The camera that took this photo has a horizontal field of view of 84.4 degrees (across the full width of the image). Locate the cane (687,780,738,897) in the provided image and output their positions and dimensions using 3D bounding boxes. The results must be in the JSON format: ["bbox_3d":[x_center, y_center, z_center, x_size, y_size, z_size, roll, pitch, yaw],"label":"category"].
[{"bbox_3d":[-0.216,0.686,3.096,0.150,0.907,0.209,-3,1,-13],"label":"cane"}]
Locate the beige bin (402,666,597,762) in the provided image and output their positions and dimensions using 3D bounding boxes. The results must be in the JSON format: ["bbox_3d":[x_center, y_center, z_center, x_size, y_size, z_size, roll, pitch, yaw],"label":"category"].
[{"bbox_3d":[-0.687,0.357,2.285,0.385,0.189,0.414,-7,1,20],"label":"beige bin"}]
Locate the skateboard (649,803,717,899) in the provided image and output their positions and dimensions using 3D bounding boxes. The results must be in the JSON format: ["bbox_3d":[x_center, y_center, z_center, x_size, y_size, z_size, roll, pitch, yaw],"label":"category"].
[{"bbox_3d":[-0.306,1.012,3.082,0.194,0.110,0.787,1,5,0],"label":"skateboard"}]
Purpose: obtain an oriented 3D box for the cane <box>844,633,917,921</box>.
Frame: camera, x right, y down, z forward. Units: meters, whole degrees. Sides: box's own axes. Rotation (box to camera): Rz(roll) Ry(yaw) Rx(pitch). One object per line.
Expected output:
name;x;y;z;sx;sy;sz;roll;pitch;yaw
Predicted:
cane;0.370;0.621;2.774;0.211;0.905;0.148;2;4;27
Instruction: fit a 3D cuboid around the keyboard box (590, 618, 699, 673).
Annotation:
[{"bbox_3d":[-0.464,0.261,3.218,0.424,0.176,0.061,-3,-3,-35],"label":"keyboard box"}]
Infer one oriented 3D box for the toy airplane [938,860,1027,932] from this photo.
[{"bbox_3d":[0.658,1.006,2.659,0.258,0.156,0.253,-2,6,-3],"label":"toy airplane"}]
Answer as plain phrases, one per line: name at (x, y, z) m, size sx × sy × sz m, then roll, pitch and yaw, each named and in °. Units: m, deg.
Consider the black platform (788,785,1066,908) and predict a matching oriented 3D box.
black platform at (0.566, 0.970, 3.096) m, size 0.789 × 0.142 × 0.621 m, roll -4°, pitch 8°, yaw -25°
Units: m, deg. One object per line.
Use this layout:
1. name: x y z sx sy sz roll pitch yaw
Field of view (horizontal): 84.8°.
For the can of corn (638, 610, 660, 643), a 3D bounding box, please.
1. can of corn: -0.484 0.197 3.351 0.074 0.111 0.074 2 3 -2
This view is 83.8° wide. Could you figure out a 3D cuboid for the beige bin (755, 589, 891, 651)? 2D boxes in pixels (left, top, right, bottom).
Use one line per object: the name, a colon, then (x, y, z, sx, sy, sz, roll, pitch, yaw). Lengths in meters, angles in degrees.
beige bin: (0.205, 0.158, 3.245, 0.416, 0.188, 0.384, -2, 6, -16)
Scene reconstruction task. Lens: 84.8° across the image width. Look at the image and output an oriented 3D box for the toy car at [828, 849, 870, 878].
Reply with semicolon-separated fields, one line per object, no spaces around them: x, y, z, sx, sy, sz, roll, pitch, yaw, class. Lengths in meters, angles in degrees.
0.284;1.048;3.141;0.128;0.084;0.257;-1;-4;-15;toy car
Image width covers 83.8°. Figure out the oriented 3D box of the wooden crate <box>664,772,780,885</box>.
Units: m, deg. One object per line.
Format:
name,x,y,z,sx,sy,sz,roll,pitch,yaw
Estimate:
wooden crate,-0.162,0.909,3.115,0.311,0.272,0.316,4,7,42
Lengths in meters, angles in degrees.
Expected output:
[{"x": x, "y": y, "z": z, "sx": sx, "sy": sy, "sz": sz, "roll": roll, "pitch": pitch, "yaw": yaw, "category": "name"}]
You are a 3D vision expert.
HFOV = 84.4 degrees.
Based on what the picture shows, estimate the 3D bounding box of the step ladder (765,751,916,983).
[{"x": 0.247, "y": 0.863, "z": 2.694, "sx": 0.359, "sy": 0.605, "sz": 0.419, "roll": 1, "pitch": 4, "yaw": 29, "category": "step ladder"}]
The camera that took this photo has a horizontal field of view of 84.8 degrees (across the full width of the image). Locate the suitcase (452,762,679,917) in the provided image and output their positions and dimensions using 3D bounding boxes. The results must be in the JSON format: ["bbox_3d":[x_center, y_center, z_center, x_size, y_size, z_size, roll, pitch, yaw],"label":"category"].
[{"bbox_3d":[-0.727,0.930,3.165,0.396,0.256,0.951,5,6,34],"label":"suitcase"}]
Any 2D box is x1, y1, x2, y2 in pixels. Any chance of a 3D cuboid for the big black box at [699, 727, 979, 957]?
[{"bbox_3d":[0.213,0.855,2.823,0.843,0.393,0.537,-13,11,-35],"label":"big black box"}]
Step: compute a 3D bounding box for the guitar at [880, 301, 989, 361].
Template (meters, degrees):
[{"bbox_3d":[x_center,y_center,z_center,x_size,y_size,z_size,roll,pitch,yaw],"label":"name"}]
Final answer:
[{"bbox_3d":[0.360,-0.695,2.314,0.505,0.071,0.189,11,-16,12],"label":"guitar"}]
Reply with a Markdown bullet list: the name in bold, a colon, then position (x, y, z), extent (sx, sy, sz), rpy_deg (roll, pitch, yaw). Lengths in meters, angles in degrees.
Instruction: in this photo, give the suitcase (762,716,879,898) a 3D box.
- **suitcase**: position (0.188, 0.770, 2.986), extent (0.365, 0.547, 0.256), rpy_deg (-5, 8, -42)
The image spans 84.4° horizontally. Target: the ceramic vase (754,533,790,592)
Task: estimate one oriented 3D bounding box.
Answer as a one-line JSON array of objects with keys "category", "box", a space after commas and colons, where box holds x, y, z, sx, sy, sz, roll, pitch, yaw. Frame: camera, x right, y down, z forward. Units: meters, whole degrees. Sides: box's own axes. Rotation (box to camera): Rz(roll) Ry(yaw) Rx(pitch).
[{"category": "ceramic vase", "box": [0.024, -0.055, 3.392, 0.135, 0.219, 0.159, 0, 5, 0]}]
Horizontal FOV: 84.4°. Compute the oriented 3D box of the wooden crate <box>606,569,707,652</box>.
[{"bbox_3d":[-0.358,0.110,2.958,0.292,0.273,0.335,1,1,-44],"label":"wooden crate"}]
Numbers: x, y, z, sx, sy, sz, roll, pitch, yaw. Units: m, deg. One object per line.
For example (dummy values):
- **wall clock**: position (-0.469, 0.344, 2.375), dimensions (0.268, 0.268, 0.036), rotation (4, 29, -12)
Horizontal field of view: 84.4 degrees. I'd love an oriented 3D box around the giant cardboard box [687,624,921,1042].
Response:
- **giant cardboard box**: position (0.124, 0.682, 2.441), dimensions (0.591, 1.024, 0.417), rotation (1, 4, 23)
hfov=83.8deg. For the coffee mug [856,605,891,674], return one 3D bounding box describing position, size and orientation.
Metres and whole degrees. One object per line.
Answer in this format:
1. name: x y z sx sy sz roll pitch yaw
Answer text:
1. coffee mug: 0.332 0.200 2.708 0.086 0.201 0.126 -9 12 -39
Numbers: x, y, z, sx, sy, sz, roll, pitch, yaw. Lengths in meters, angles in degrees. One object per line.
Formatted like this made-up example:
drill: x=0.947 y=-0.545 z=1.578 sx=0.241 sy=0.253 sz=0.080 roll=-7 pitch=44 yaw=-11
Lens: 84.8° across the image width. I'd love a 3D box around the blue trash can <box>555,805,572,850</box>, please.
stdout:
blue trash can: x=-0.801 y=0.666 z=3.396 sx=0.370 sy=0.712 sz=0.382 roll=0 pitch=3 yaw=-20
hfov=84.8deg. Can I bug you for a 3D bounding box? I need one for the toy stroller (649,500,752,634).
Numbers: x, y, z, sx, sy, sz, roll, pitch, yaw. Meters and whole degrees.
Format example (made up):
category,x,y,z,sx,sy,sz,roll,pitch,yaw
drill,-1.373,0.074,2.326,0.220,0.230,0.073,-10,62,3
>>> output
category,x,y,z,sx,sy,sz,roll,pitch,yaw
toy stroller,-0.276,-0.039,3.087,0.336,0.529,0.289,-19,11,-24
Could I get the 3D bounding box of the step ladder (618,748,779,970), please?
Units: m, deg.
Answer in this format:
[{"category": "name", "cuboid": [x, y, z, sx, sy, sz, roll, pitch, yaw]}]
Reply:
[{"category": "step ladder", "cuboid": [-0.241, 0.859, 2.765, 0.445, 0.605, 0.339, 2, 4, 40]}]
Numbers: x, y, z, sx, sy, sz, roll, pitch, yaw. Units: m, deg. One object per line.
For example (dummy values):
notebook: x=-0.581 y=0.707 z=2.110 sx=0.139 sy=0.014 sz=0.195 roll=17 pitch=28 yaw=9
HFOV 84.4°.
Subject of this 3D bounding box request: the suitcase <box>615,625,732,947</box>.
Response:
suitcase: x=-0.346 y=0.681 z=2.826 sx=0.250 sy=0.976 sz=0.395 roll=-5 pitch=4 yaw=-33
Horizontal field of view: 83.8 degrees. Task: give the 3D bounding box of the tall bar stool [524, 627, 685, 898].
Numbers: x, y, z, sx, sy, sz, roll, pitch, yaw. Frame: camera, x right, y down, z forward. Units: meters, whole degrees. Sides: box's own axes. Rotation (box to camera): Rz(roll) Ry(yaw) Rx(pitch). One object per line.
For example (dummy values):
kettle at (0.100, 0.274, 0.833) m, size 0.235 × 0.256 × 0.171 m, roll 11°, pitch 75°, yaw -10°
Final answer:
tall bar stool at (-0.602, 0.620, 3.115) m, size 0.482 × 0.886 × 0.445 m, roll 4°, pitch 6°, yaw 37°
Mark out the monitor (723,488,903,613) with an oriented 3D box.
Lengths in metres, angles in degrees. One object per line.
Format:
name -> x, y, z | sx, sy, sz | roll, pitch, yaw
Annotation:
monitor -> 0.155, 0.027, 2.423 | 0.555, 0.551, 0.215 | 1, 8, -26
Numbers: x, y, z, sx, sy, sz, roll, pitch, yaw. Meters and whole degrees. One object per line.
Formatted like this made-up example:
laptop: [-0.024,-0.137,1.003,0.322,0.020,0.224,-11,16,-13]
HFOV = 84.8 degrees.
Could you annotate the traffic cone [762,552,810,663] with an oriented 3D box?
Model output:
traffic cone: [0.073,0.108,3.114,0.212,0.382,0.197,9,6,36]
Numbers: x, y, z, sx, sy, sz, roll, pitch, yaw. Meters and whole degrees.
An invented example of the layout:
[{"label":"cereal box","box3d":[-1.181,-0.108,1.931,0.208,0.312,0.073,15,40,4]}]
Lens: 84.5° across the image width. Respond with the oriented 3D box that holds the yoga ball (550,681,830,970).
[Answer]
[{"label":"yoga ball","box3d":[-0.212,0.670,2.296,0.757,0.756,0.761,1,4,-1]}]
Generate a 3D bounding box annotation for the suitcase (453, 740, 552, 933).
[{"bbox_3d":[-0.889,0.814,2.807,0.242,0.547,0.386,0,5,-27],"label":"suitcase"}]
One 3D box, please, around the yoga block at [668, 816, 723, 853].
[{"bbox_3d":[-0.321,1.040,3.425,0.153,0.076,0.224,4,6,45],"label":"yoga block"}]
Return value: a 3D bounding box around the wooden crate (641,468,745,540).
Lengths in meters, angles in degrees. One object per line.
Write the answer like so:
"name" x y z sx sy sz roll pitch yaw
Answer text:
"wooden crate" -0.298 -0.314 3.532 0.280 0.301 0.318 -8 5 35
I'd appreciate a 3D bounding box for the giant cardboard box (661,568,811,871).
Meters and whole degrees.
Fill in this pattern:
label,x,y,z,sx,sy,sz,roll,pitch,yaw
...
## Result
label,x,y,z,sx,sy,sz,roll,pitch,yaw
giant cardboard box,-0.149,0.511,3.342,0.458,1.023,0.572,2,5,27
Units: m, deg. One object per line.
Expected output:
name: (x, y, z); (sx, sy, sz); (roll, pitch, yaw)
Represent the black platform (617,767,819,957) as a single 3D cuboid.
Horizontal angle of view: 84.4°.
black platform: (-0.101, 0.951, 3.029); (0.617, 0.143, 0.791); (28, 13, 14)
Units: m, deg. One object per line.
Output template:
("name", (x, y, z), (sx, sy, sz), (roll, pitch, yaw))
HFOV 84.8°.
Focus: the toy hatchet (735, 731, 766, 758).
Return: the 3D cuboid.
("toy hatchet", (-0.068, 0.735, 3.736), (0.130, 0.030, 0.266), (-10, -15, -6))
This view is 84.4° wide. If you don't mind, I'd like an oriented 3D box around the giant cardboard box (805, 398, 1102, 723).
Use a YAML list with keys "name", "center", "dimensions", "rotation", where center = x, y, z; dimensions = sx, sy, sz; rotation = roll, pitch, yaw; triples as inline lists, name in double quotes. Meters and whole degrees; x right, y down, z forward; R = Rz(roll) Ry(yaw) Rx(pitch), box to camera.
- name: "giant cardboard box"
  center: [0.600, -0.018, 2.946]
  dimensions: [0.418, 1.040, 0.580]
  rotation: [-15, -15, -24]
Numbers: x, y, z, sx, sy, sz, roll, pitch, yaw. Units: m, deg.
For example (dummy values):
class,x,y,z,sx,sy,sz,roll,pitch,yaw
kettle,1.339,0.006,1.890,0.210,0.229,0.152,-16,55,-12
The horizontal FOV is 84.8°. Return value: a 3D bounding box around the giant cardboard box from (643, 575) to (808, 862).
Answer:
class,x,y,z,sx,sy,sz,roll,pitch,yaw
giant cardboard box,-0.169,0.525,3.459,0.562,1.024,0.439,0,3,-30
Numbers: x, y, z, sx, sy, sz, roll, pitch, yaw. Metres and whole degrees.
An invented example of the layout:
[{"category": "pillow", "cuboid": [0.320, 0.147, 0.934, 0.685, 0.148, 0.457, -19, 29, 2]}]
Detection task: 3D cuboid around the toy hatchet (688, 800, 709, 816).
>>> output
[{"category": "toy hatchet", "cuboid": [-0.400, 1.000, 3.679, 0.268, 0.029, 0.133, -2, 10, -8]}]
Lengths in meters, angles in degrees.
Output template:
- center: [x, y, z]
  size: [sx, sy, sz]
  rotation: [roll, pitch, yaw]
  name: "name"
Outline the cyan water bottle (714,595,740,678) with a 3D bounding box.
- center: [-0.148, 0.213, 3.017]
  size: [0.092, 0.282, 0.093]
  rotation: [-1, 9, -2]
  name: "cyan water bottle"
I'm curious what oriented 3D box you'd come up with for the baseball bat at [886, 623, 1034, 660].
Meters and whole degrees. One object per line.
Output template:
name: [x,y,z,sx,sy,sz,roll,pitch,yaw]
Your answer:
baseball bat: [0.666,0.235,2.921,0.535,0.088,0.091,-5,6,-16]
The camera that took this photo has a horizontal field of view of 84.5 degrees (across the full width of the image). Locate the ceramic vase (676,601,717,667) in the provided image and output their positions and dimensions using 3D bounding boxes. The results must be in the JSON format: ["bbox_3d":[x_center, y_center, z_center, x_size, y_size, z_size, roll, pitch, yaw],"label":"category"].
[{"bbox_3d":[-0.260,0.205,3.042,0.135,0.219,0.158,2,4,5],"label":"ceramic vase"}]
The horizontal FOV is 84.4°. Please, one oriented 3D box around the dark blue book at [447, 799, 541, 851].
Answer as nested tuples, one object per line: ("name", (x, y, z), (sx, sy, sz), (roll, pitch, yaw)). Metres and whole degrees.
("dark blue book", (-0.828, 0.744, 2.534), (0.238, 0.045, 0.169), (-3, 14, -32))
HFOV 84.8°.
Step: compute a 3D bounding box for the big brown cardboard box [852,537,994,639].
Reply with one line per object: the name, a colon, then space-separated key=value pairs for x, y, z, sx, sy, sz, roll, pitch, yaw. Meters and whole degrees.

- [Exercise brief]: Some lines in the data above hold the string "like". Find and copy each of them.

- [Answer to this task]:
Formatted like this made-up example:
Formatted like this made-up example:
Write the answer like so:
This view is 84.4° wide. If you don't mind, I'd like an oriented 3D box around the giant cardboard box (805, 398, 1102, 723).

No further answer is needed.